Published on

Sandboxing AI Agents: Running OpenClaw in Docker So It Doesn't Nuke Your Codebase

Authors
  • avatar
    Name
    Asif Foysal Meem
    Twitter

Let me paint you a picture: you've got an AI agent that can execute shell commands, browse the web, and modify files on your machine. Exciting, right? Also terrifying.

That's the reality of tools like OpenClaw — an AI-powered terminal automation agent that can interact with your codebase, run commands, and even chat with you over Telegram. It's incredibly powerful, but handing an AI agent unrestricted access to your filesystem feels like giving your car keys to a raccoon.

Hot take 🔥 — If you wouldn't chmod 777 / on your production server, maybe don't give an AI agent root access to your dev machine either.

I could've gone the route a lot of people are taking — drop ~$1000 AUD on a Mac Mini dedicated to running AI agents. But I'd rather spend that money on literally anything else. Docker gives us the same isolation for free, and it's portable.

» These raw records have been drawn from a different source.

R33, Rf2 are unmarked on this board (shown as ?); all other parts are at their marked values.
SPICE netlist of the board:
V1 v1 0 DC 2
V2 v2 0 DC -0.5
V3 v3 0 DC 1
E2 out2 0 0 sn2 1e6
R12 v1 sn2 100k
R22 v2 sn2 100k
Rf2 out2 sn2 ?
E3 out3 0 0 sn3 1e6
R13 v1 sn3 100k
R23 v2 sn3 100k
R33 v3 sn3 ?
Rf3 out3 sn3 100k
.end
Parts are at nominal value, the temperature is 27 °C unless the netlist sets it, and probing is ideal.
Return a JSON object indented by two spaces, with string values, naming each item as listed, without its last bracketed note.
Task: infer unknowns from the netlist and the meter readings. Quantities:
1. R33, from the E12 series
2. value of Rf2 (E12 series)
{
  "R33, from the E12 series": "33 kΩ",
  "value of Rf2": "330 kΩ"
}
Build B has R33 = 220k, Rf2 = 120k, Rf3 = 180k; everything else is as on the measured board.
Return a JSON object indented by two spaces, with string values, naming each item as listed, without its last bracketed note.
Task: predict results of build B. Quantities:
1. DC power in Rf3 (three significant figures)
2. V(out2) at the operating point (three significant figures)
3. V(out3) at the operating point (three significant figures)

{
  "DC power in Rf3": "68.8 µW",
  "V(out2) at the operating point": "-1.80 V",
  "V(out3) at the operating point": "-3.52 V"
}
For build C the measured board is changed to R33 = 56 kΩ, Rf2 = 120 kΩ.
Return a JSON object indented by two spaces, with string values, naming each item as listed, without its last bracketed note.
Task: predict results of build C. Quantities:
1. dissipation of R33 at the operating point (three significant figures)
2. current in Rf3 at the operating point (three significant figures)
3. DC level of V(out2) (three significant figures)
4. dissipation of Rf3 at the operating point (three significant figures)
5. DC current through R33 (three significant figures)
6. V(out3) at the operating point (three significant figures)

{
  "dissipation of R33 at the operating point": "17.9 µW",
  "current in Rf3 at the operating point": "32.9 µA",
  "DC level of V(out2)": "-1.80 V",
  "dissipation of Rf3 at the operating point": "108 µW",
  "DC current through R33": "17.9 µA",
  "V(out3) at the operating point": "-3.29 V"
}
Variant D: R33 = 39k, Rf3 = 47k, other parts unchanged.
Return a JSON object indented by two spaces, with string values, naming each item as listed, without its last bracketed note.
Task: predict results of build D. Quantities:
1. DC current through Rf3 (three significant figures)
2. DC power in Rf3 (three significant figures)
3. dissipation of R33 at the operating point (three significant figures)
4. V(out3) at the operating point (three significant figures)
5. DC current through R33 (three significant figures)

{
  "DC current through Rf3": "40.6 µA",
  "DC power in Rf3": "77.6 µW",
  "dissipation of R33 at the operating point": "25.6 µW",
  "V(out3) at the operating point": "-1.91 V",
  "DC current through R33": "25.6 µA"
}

So I decided to sandbox it. Here's how I set up OpenClaw inside a Docker container with proper security constraints, and all the delightful issues I ran into along the way.

Why Sandbox an AI Agent?

OpenClaw is designed to be an autonomous coding assistant. It can:

  • Execute arbitrary shell commands
  • Read and write files in your workspace
  • Browse the web
  • Communicate via Telegram

That's a lot of surface area. Even with the best intentions, an AI agent with unrestricted filesystem access could accidentally delete files, overwrite configs, or — in the worst case — exfiltrate sensitive data. Sandboxing it inside Docker gives us isolation while still letting it do useful work.

The goal was simple:

  • Mount only my project repo with read/write access
  • Run as a non-root user
  • Drop all Linux capabilities
  • Keep high-risk tools on an explicit allowlist
  • Connect to my local Ollama instance for model inference

The Docker Setup

The Dockerfile

The first decision was the base image. OpenClaw is a Node.js application, so node:22-slim was the natural choice. I also needed Python tooling (since my project is a FastAPI app) and uv for dependency management:

FROM node:22-slim

RUN apt-get update && apt-get install -y --no-install-recommends \
    python3 python3-pip python3-venv python3-dev \
    git curl ca-certificates build-essential cmake \
    && rm -rf /var/lib/apt/lists/*

# uv for Python dependency management
COPY --from=ghcr.io/astral-sh/uv:latest /uv /usr/local/bin/uv

# pnpm for the Next.js frontend
RUN corepack enable && corepack prepare pnpm@latest --activate

# Non-root user
USER node
ENV PATH="/home/node/.npm-global/bin:/home/node/.local/bin:${PATH}"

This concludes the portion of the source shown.